The current dirstate.status method has grown over the years through bug
reports and new features to the point where it got too big and too complex.
This series does not yet improve the logic, but adds a Rust fast-path to speed
up certain cases.
Tested on mozilla-try-2019-02-18 with zstd compression:
- hg diff on an empty working copy:
- c: 1.64(+-)0.04s
- rust+c before this change: 2.84(+-)0.1s
- rust+c: 849(+-)40ms
- hg commit when creating a file:
- c: 5.960s
- rust+c before this change: 5.828s
- rust+c: 4.668s
- hg commit when updating a file:
- c: 4.866s
- rust+c before this change: 4.371s
- rust+c: 3.855s
- hg status -mard
- c: 1.82(+-)0.04s
- rust+c before this change: 2.64(+-)0.1s
- rust+c: 896(+-)30ms
The numbers are clear: the current Rust dirstatemap implementation is super
slow, its performance needs to be addressed.
This will be done in a future series, immediately after this one, with the goal
of getting Rust to be at least to the speed of the Python + C implementation
in all cases before the 5.2 freeze.
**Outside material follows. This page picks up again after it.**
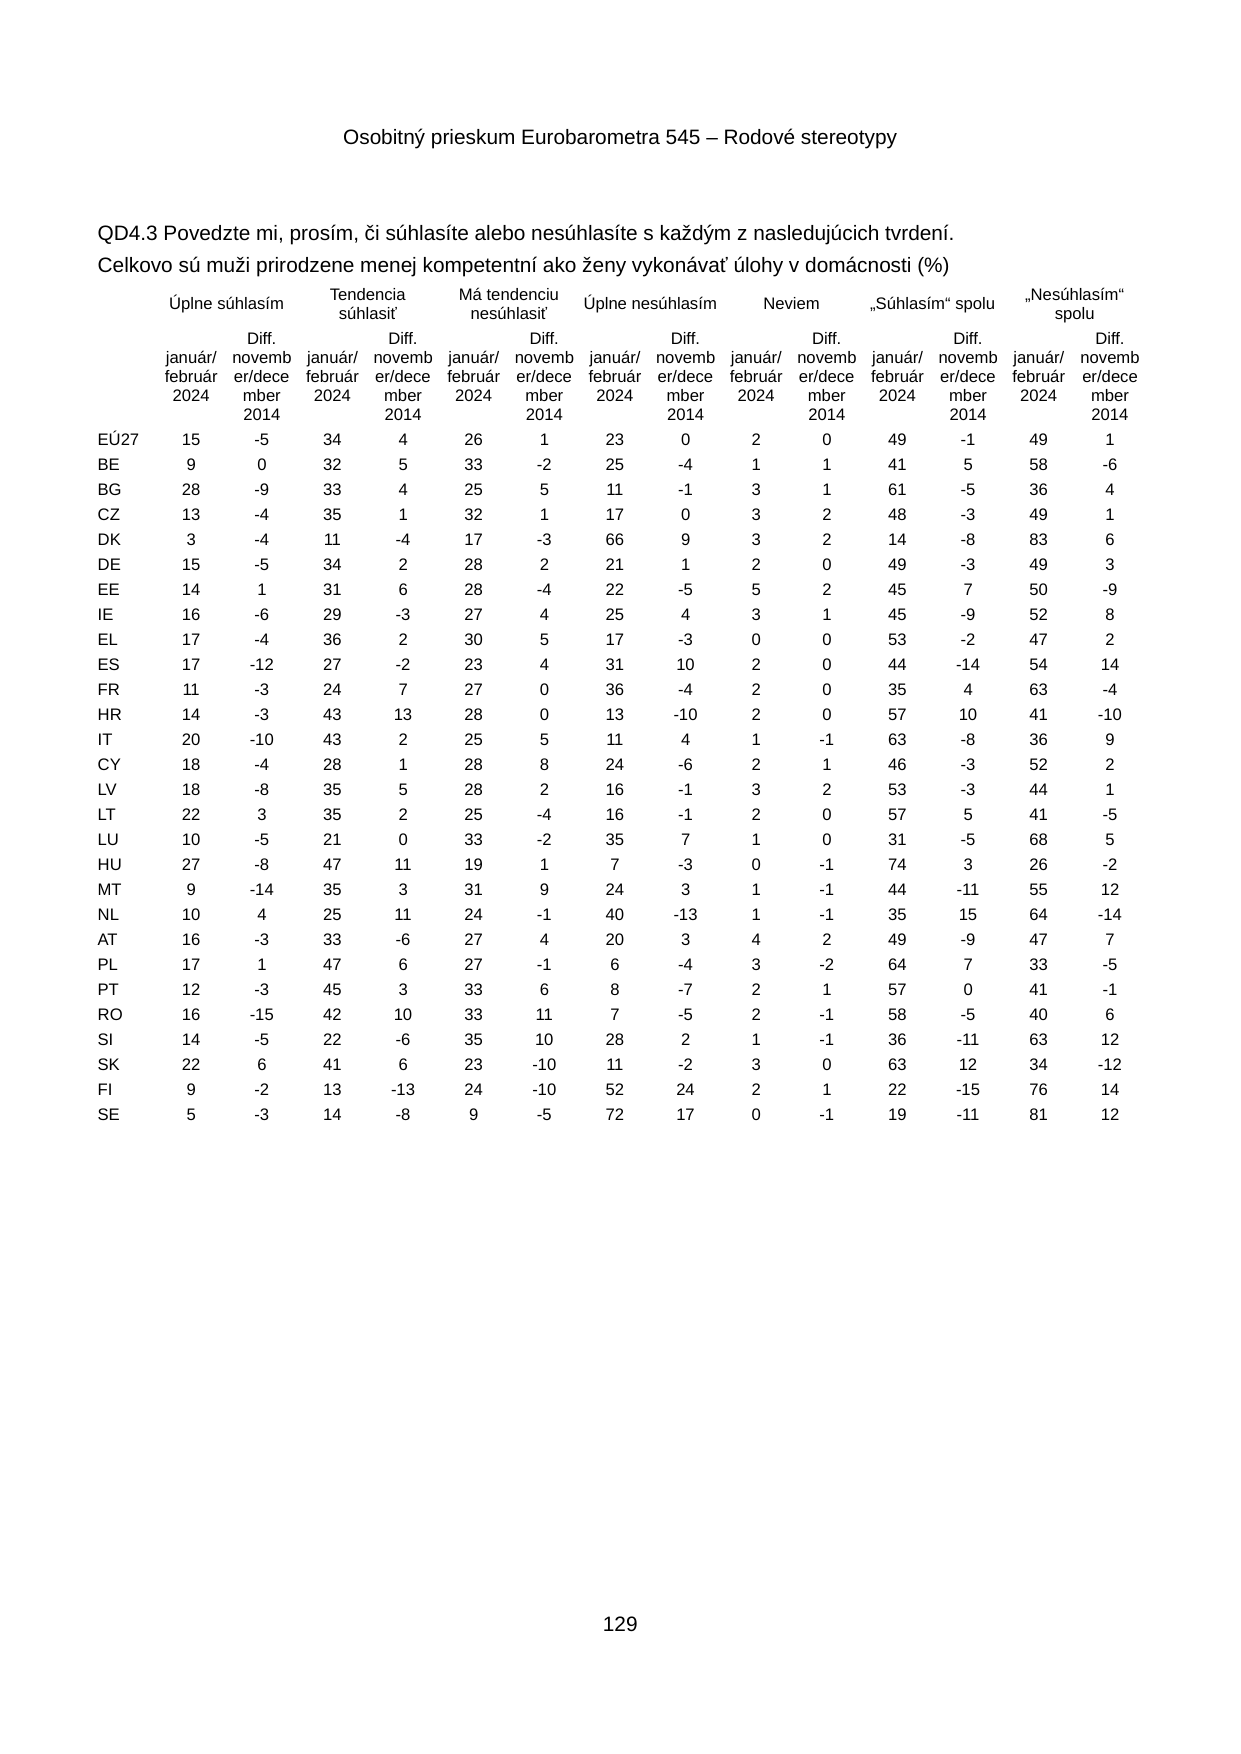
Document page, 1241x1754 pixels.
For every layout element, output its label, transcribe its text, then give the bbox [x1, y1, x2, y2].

At worse, we gate dirstatemap to only be used
in those cases.
Cases where the fast-path is not executed:
- for commands that need ignore support (status, for example)
- if subrepos are found (should not be hard to add, but winter is coming)
- any other matcher than an alwaysmatcher, like patterns, etc.
- with extensions like sparse and fsmonitor
The next step after this is to rethink the logic to be closer to
Jane Street's Valentin Gatien-Baron's Rust fast-path which does a lot less
work when possible.
Does this need to be public?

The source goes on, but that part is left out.